Researchers from the National University of Singapore and AGH University of Krakow have developed a novel fabrication strategy for double-sided tunnel oxide passivated contact (DS-TOPCon) silicon bottom cells, designed for use in perovskite/silicon tandem (PST) solar cells. The team demonstrated that carefully controlled heated indium tin oxide (ITO) deposition can significantly reduce sputtering-induced damage while enhancing conductivity and transparency - two critical requirements for efficient tandem integration.
In DS-TOPCon architectures, both the front and rear surfaces of the silicon wafer feature passivating silicon oxide (SiOx)/polycrystalline silicon (poly-Si) stacks, replacing the conventional single-sided (SS-TOPCon) structure. The result is a fully passivated, symmetric cell that minimizes recombination losses and raises the open-circuit voltage. This approach also provides improved carrier selectivity and mechanical stability - qualities that make DS-TOPCon particularly well suited to high-efficiency, monolithic tandem devices.
However, because thin poly-Si layers have limited lateral conductivity, a transparent conductive oxide (TCO) layer must be applied to maintain good electrical contact and optical coupling to the perovskite top cell. The researchers found that conventional ITO sputtering often degrades the excellent surface passivation of the DS-TOPCon stack. To address this, they developed a novel process for heated ITO deposition at around 250 °C, allowing in-situ annealing within the sputtering chamber. At this optimized temperature, the ITO films displayed higher carrier mobility and improved optical transparency without introducing significant interface damage to either n- or p-type TOPCon contacts. Deposition at higher temperatures led to hydrogen effusion and dopant deactivation, which reduced performance.
Using an industrial M2-sized Czochralski (Cz) silicon wafer (244 cm²), the team fabricated DS-TOPCon bottom cells that achieved 16.7% efficiency under 1-Sun conditions. These devices incorporated a 1.5 nm thermally grown SiOx tunneling layer, in-situ doped hydrogenated amorphous silicon precursors annealed at 850 °C to form poly-Si, and hydrogenation through SiNx firing at 700 °C. Approximately 75 nm of ITO was sputtered on both sides as the contact and interconnection layer, followed by low-temperature screen printing of silver contacts (200 °C curing).

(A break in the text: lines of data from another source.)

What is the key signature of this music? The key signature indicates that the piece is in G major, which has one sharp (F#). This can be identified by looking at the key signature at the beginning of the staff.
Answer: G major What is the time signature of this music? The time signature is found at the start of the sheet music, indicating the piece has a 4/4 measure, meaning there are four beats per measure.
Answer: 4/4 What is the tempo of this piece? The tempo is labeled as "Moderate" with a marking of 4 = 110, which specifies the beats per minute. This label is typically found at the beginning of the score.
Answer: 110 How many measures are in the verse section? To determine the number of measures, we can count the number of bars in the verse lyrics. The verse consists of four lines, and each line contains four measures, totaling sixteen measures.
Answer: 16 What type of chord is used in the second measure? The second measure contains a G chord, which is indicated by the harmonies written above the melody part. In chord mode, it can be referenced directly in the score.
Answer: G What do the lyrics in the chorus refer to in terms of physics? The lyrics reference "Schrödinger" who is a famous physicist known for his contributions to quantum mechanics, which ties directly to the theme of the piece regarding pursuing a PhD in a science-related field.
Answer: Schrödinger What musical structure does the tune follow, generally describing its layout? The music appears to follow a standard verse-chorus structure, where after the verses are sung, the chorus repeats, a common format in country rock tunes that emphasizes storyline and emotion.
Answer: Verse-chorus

When integrated with a perovskite top cell, the resulting 16 cm² monolithic tandem achieved a power conversion efficiency (PCE) of 22.1%, with an open-circuit voltage (Voc) of 1.727 V, current density (Jsc) of 17.9 mA/cm², and a fill factor (FF) of 71.7%. Importantly, the team emphasized that this result demonstrates one of the largest area DS-TOPCon-based tandems reported to date using industrial-grade Cz wafers and fully screen-printed contacts - a step toward scalable manufacturing.

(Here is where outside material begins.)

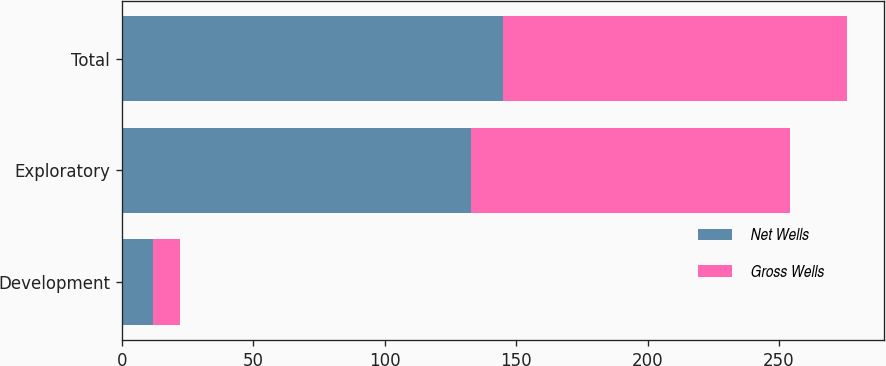Convert chart to OTSL. <chart><loc_0><loc_0><loc_500><loc_500><stacked_bar_chart><ecel><fcel>Development<fcel>Exploratory<fcel>Total<nl><fcel>Net Wells<fcel>12<fcel>133<fcel>145<nl><fcel>Gross Wells<fcel>10<fcel>121<fcel>131<nl></chart>

Looking ahead, the researchers plan to incorporate fire-through rear contacts and adopt thicker, more conductive poly-Si layers to further reduce series resistance. They also noted the potential of these devices for urban and rooftop applications, where higher energy yield per unit area is crucial. With their combination of industrial compatibility, improved passivation stability, and tandem readiness, heated-ITO DS-TOPCon cells represent an advancement toward commercially viable, high-efficiency perovskite/silicon tandem photovoltaics.